Once implemented, add to the adversarial corpus (packages/cli/src/adversarial.test.ts, alongside the existing zip-bomb / path-trick / duplicate-entry cases) and to fixtures/:

  • Content-type confusion simulation: a package with a mimetype entry present, first, and stored, but containing the wrong string (e.g. application/epub+zip, or application/vnd.dot-skill+zip with a trailing newline, or truncated) — must refuse with mimetype_mismatch.
  • Wrong position: a package with byte-correct mimetype content but placed after other entries (e.g. appended last) — must refuse (or warn, depending on how strict mimetype_not_first ends up, see Open questions) distinctly from mimetype_mismatch.
  • Wrong compression: a mimetype entry with correct content and position but deflated instead of stored — decide whether this is a distinct code (mimetype_not_stored) or folded into mimetype_not_first's "layout is wrong" bucket; needs a decision before implementation (see Open questions).
  • Absent, old-version package: no mimetype entry, protocol_version at or below the Phase-1 value — validates with a mimetype_missing warning, not an error.
  • Absent, new-version package: no mimetype entry, protocol_version at the Phase-2 value — refuses with a mimetype_missing error.
  • Renamed-to-.zip round trip: pack a skill, rename .skill to .zip, extract with a generic zip tool, re-zip without preserving entry order/compression method (simulating a careless "rename and re-archive" workflow) — demonstrates the resulting archive fails mimetype_not_first (or equivalent) even though its content is otherwise byte-identical, which is the intended hardening behavior: this class of mishandling becomes detectable, not silently accepted.
  • Determinism regression: two packs of the same SkillSource still produce byte-identical output (extends the existing SEC-J determinism test) with mimetype included as the forced-first exception — verifies (c)'s resolution doesn't reintroduce non-determinism.

Open questions

  • Should mimetype_not_first (wrong position, right content) be an error or a warning?
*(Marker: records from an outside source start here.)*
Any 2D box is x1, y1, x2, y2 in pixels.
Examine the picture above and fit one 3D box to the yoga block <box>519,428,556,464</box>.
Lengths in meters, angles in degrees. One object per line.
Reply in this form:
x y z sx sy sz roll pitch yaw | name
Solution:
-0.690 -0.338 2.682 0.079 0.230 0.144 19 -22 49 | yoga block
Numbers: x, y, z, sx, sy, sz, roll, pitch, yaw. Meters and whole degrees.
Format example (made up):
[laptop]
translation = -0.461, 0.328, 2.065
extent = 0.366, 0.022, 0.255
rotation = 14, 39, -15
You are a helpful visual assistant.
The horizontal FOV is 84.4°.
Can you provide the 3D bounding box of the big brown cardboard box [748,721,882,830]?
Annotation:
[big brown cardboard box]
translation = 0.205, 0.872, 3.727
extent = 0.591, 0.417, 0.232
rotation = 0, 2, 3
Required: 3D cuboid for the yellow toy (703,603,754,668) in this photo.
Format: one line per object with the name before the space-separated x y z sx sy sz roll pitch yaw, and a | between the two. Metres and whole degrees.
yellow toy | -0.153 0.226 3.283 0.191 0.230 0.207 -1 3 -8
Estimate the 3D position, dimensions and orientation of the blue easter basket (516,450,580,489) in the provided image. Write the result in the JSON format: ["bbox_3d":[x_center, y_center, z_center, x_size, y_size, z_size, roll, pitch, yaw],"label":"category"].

Argue for error: it defeats the entire "peek at first header" purpose of this RFC, so a package that gets the string right but the layout wrong is arguably worse than one that omits mimetype altogether, since it creates false confidence for a naive reader that only checks content, not position. Argue for warning: the package is still fully valid and readable by any tool that falls back to skill.json's kind field, so treating it as a hard refusal punishes a cosmetic packaging defect as harshly as real content-type confusion. Leaning error, for symmetry with mimetype_mismatch, but not resolved here.
  • Does unpackSkill's streaming reader (docs/PROTOCOL.md's "reads the archive through a streaming unzip so unsafe input is refused during decompression" behavior) need to special-case mimetype to short- circuit identification before the rest of the archive is even opened — i.e. does skill inspect/skill validate gain a fast-path "is this even a .skill" pre-check distinct from full unpacking, or does this RFC only specify the on-disk format and leave the fast-path reader optimization to a later, implementation-focused change?